Dr. Siegel seufzte leise vor sich hin. „Ja, ja, ich weiß, und dann weiter zum Zentralfriedhof.“
Und dann, wieder mit fester Stimme:
„Und was passiert nun?“

„Wieso schaltet der Fahrer nicht runter? Die Straße ist abschüssig, ich werde zu schnell. Da.“

Körner machte ein paar Geräusche mit Lippen, Gaumen und Zunge, die entfernt an sich verbiegendes Blech und splitterndes Glas erinnerten.

„Jetzt haben wir den Salat. Ich habe die Ampel mitgenommen.“

„Ganz ruhig, Herr Körner, wir beschützen Sie. Sie sind in Sicherheit. Ist Ihnen was passiert?“

„Ich habe mein rechtes Auge verloren.

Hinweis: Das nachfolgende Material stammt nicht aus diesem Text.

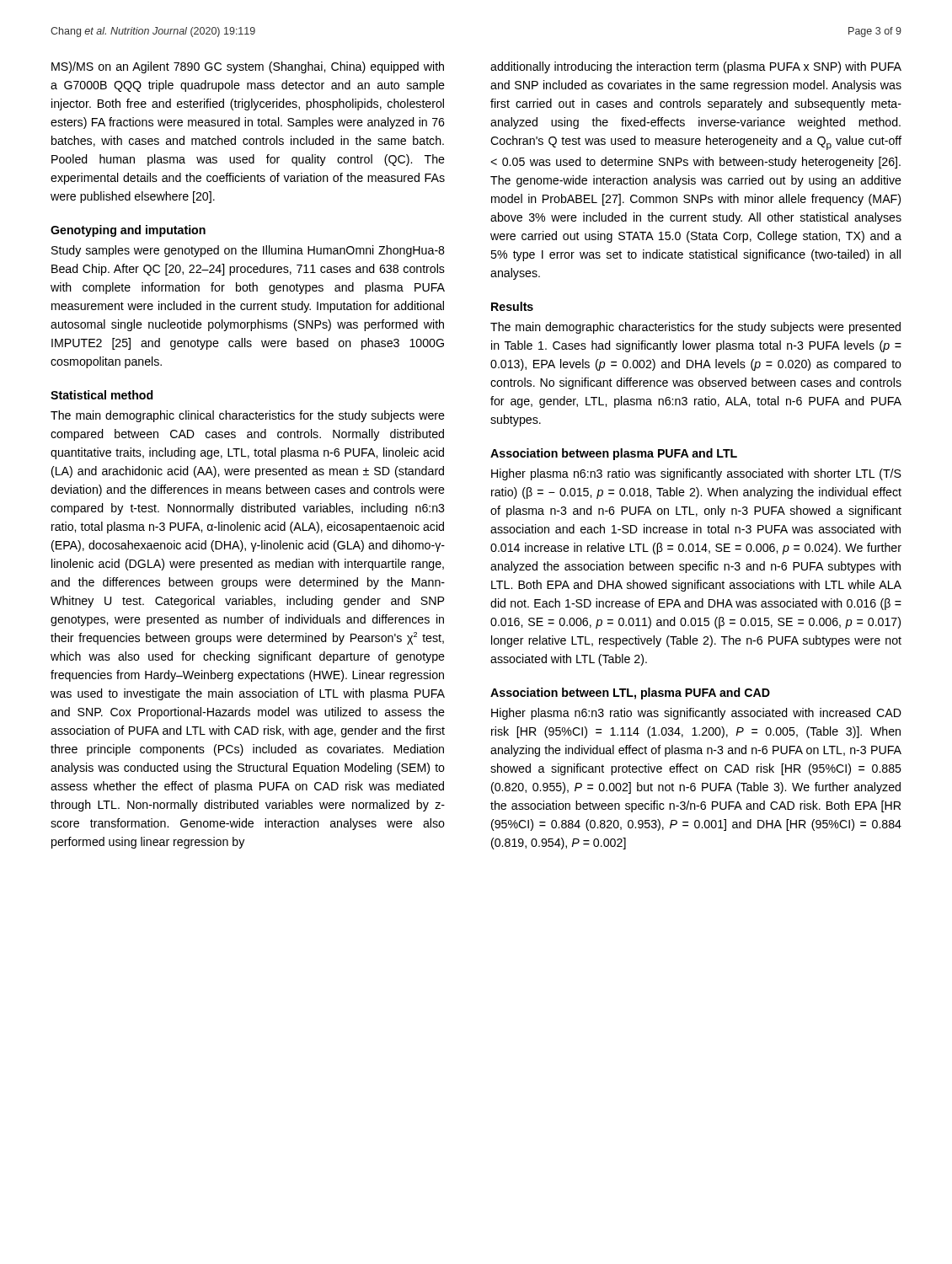The height and width of the screenshot is (1264, 952).
Task: Find the section header that says "Association between plasma PUFA and LTL"
Action: (x=614, y=453)

Da ist jetzt alles dunkel.“

„Das bekommen wir wieder hin. Sagen Sie mir einfach noch, wer Sie sind oder wie Sie heißen. Ist nur für das Protokoll, wissen Sie.“

„Ich bin der Siebzehndreiundzwanziger, Herr Schutzmann.“

Die beiden Psychotherapeuten schauten sich betreten an.

„Es besteht kein Zweifel“, sagte endlich Dr. Siegel nach langer Überlegung und nachdem er das Analyseprogramm seines Laptops bereits zweimal hatte durchlaufen lassen.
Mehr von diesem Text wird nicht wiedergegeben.